Hope Radio Davao (DXMA)
- Davao City; Philippines;
- Broadcast area: Metro Davao and surrounding areas
- Frequency: 104.3 MHz
- Branding: Hope Radio

Programming
- Languages: English, Cebuano, Filipino
- Format: Religious Radio (Seventh-day Adventist Church)
- Network: Hope Radio

Ownership
- Owner: Adventist Media; (Digital Broadcasting Corporation);

History
- First air date: 1995
- Former names: Magik FM (1995-2005) The Edge Radio (2005-2015)

Technical information
- Licensing authority: NTC
- Power: 10,000 watts
- Repeater: Matanao: DXHD 107.1 MHz

Links
- Website: adventistmedia.ph/home/hope-radio

= DXMA =

DXMA (104.3 FM), broadcasting as Hope Radio 104.3, is a radio station owned and operated by Adventist Media, the media arm of the Seventh-day Adventist Church. The station's studio is located at #5 Palm Dr., Brgy. Buhangin Proper (Bajada), Davao City and its transmitter is located at Shrine Hills, Matina, Davao City.
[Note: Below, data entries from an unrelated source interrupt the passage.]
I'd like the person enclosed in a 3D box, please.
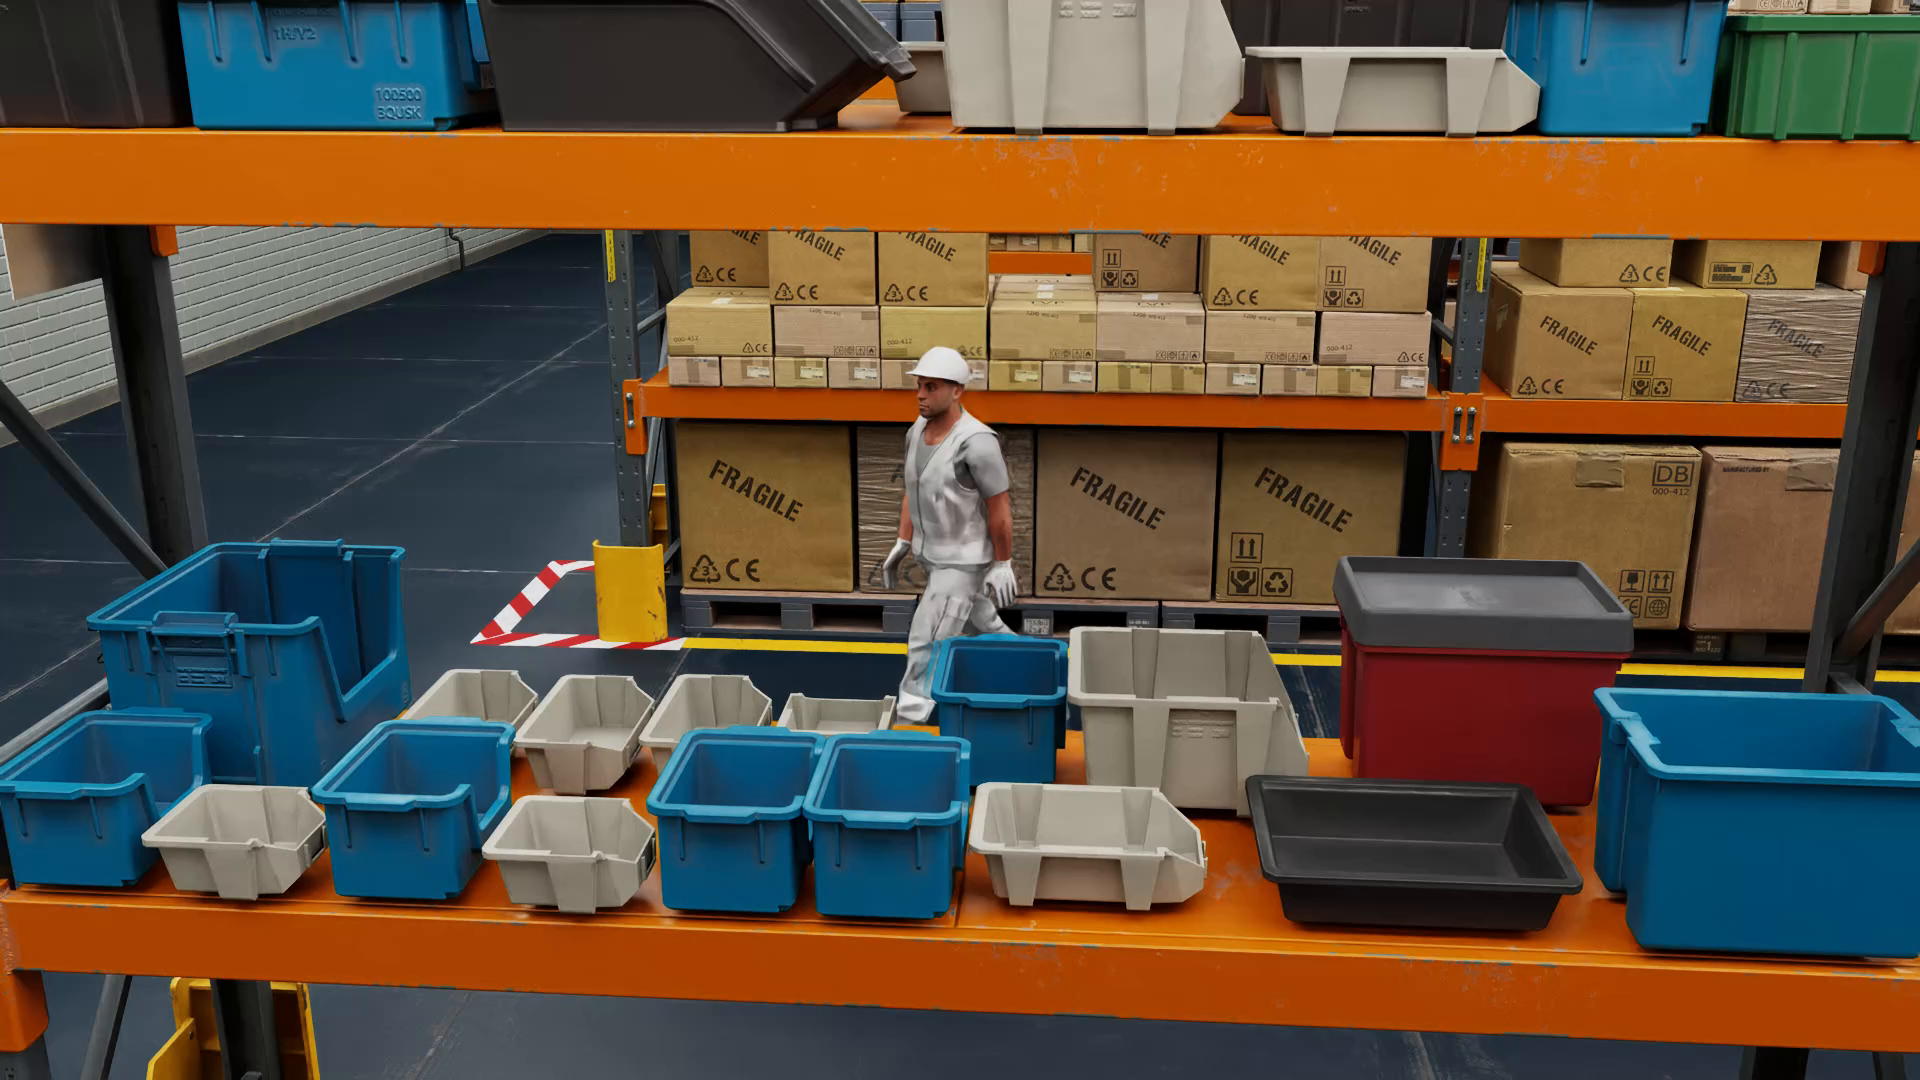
[{"bbox_3d":[-0.060,0.068,6.822,1.087,1.739,0.521,-10,20,-29],"label":"person"}]
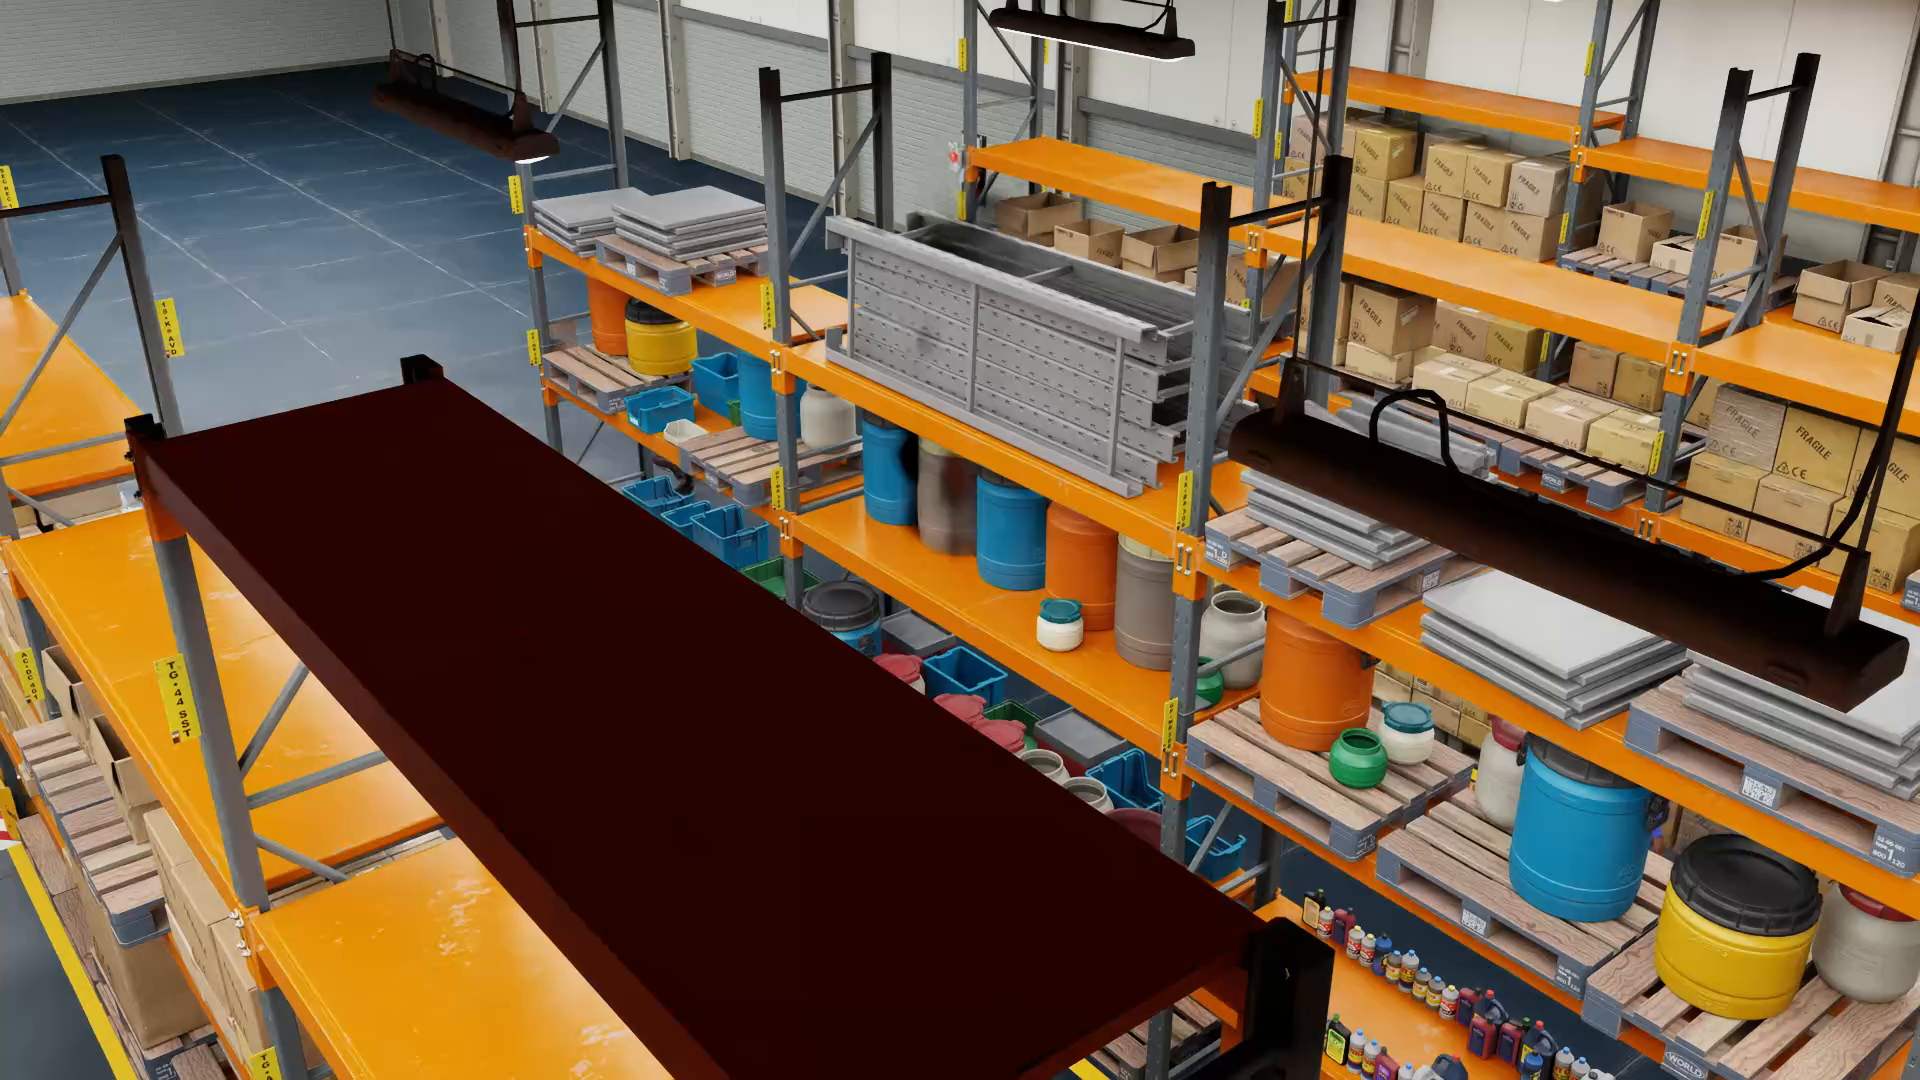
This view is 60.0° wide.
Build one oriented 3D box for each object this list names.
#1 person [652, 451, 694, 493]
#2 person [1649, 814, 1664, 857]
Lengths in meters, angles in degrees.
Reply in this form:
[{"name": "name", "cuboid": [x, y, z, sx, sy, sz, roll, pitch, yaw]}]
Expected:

The station was formerly owned by Century Broadcasting Network and was one of its few stations under The Edge Radio network of the United Christian Broadcasters from its inception in 2005 until December 31, 2015. The following year, the station was acquired by Adventist Media and became part of the Hope Radio network.